_Requirement_
Every line containing the word "object" is to be copied from the data below.

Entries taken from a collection
####

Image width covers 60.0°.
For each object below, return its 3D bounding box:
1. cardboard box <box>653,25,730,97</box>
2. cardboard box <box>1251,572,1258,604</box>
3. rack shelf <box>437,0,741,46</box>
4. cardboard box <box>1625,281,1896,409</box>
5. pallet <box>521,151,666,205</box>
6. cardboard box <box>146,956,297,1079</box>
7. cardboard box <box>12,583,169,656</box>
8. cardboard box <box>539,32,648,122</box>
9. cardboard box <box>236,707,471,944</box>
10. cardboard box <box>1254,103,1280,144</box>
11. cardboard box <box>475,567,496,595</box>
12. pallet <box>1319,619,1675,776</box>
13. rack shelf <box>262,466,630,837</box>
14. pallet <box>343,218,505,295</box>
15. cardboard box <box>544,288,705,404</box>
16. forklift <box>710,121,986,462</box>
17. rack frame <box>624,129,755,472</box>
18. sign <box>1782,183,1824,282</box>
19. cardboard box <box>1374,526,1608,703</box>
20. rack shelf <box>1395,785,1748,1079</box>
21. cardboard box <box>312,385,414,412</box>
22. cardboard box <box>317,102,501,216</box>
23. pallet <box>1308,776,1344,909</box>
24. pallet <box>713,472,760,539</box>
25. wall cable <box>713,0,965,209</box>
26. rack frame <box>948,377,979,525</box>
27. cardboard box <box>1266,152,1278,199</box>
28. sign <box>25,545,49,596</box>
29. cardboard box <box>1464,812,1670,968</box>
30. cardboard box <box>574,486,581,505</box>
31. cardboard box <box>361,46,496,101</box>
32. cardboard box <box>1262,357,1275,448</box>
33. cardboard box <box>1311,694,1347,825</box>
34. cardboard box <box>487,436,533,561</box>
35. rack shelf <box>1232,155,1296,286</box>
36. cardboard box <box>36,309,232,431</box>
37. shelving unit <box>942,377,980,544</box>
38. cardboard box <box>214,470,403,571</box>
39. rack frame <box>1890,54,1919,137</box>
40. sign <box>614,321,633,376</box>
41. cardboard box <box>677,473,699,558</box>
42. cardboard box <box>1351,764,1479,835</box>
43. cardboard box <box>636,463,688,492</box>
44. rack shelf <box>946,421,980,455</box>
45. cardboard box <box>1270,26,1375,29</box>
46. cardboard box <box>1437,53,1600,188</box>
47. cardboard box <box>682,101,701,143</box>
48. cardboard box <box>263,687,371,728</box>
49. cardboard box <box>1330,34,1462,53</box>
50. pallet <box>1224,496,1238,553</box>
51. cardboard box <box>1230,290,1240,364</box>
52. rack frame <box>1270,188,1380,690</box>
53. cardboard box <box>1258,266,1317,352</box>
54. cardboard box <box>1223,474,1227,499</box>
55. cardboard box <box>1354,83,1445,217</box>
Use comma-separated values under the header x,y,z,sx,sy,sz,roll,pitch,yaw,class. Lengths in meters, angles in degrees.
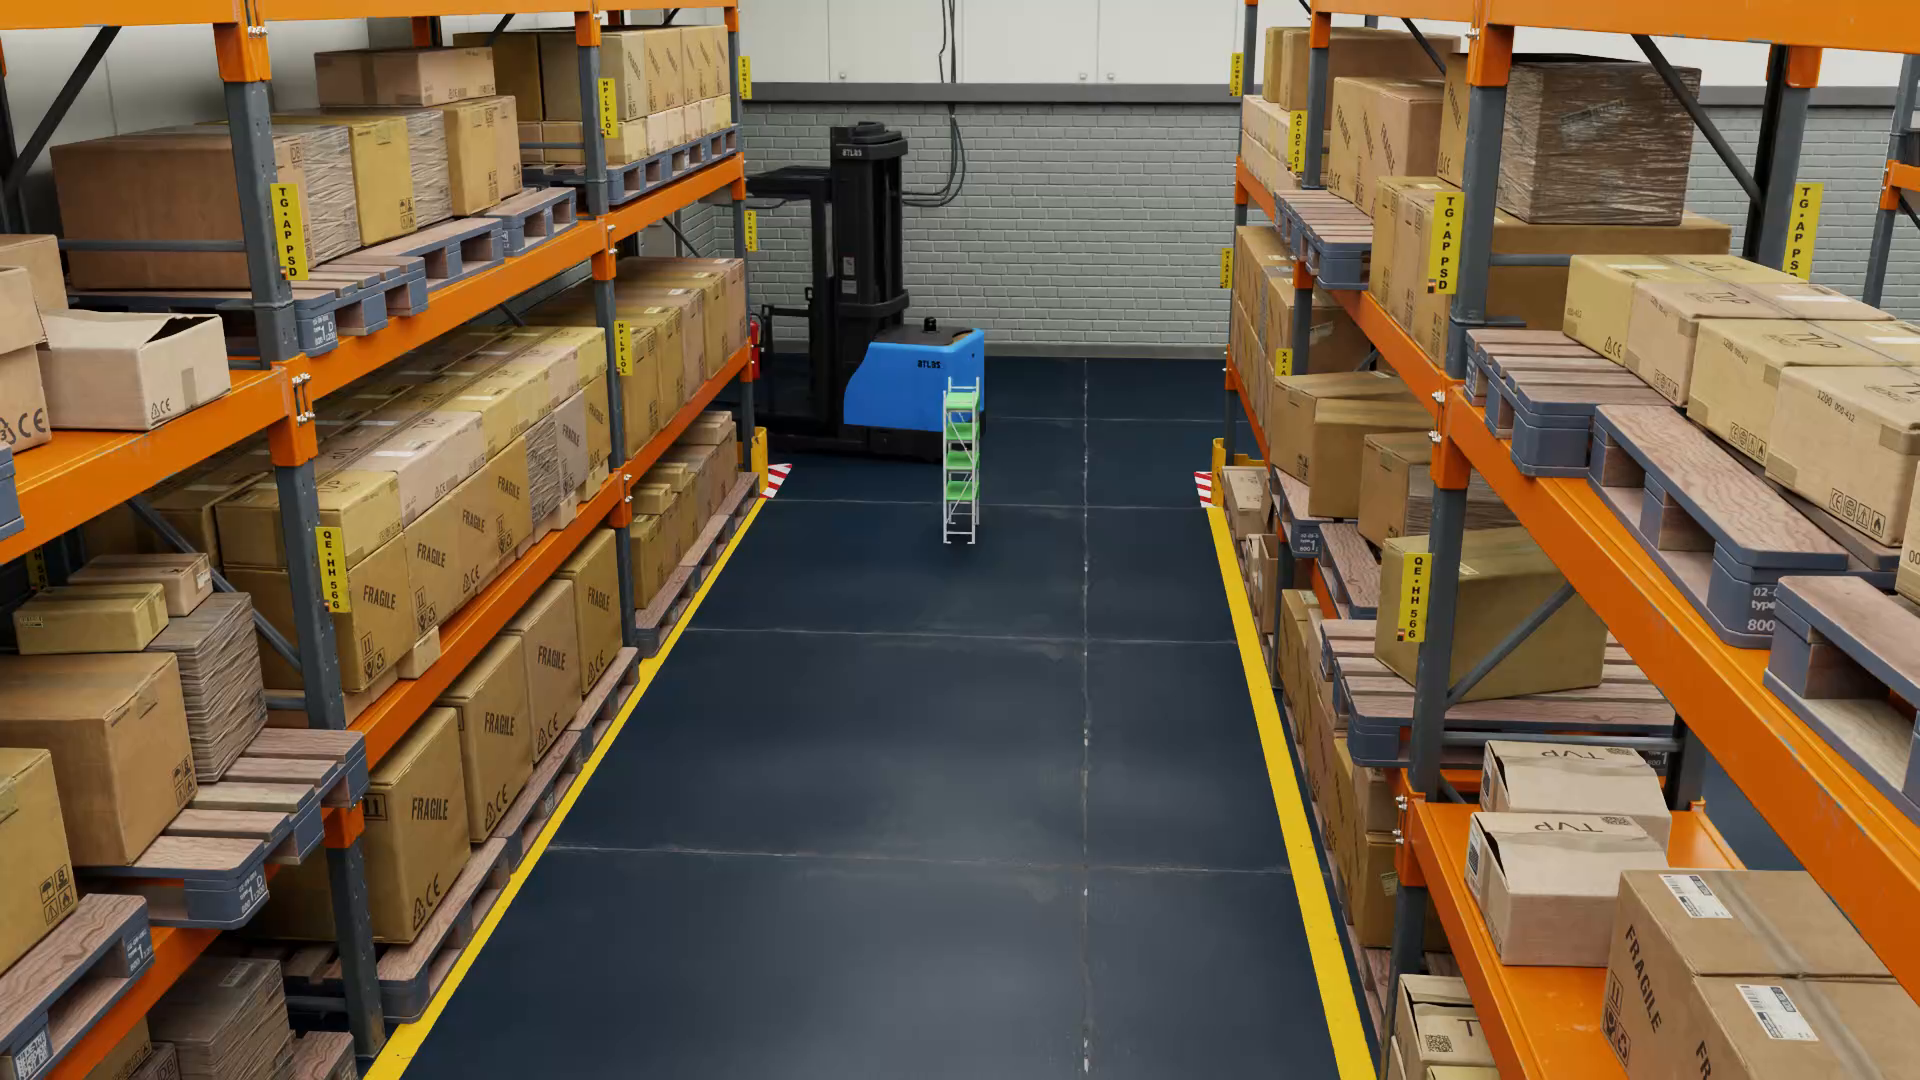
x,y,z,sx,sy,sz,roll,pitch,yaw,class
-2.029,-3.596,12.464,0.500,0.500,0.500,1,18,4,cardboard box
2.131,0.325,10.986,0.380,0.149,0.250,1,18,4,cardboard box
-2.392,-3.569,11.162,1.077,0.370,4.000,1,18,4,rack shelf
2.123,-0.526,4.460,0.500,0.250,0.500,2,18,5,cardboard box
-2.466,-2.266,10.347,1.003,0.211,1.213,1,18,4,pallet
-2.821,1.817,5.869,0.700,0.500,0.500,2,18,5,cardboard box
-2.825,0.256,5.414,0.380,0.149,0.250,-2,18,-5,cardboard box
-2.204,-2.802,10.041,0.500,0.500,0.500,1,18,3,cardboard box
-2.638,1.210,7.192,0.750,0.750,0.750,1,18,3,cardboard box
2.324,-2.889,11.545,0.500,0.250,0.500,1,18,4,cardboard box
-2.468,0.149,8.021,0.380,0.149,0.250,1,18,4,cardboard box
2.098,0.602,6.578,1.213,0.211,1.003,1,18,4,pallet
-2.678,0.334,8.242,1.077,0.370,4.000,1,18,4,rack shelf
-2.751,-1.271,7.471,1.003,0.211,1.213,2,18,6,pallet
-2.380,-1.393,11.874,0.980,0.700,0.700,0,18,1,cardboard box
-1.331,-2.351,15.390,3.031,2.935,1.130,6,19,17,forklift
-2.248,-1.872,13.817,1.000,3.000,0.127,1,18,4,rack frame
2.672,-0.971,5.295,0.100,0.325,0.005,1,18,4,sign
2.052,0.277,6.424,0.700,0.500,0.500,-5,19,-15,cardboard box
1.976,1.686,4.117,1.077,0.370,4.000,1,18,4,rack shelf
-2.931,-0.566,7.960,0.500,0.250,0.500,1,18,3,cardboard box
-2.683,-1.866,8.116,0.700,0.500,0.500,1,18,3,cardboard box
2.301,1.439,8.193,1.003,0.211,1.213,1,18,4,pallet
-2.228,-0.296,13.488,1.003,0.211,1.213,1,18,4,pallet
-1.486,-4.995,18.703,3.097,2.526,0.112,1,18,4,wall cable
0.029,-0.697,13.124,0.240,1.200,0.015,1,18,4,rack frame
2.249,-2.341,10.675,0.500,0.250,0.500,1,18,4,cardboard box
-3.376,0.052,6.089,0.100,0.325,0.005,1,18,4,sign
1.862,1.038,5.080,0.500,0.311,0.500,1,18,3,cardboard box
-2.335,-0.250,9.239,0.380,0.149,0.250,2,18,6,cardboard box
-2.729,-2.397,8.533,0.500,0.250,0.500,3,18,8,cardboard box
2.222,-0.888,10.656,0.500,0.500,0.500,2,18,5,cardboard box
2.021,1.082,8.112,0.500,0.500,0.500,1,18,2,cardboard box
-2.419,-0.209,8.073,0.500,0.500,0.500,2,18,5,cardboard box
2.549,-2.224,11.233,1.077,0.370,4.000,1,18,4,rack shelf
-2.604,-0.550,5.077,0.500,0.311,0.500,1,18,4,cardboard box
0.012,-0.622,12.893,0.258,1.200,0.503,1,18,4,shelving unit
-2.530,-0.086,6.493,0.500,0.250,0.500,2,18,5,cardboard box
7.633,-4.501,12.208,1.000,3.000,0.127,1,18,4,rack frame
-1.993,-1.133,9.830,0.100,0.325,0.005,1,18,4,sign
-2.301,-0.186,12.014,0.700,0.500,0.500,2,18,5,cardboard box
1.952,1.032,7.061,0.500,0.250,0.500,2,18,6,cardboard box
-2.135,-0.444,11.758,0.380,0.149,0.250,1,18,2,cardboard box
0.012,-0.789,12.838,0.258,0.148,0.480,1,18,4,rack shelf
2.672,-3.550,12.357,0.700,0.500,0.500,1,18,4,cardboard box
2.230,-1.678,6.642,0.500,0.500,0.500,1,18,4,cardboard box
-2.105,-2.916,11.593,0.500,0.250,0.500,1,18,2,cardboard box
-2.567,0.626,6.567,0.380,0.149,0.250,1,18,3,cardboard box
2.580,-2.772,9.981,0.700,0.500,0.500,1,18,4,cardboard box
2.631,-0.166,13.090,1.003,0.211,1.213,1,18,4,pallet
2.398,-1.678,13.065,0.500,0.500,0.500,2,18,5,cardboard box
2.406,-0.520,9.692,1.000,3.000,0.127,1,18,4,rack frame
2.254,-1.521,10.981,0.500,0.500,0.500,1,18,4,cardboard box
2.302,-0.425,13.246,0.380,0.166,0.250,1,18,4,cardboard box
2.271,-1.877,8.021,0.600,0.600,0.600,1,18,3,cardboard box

####

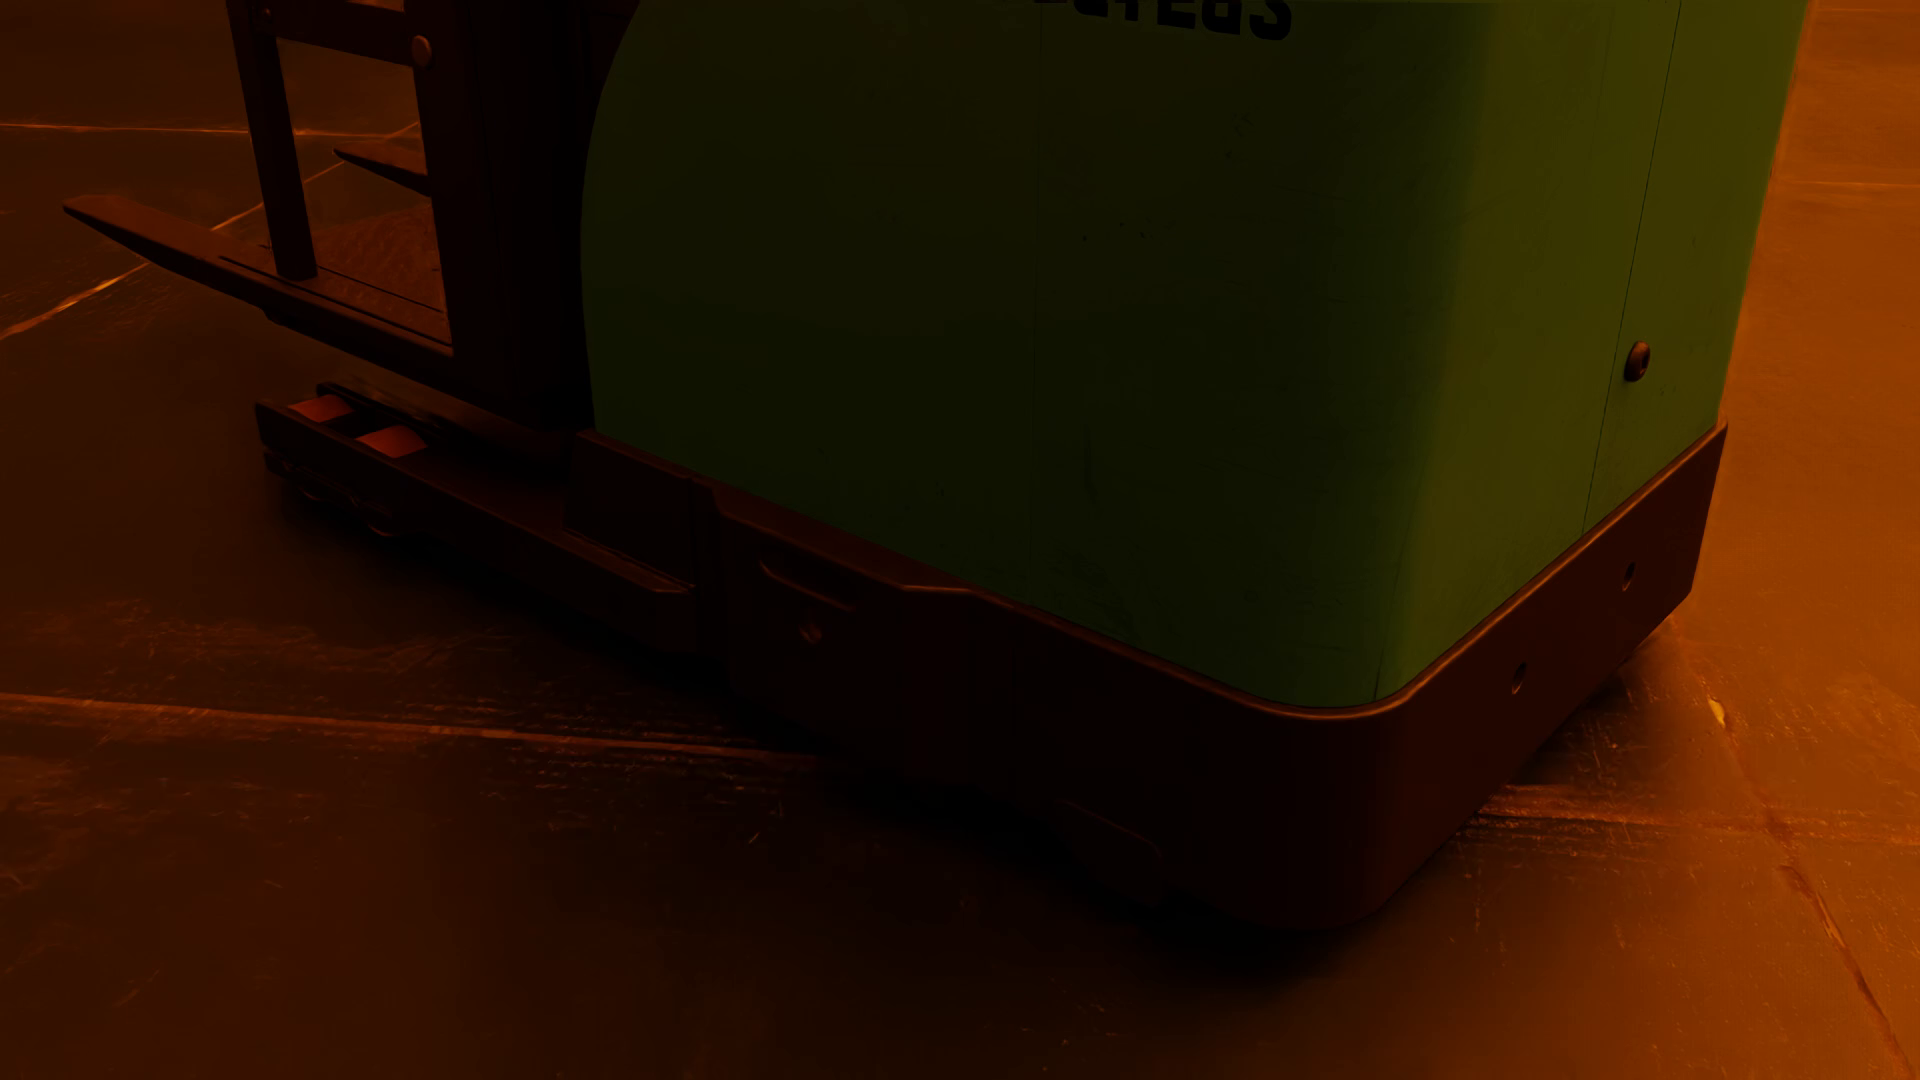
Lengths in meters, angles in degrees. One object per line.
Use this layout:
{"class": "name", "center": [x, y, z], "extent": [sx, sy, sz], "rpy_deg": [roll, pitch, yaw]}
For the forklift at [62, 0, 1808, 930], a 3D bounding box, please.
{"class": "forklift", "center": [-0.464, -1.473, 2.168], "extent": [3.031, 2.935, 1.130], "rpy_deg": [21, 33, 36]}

####

_Output below_
For each object below, return its 3D bounding box:
Lengths in meters, angles in degrees. One object per line.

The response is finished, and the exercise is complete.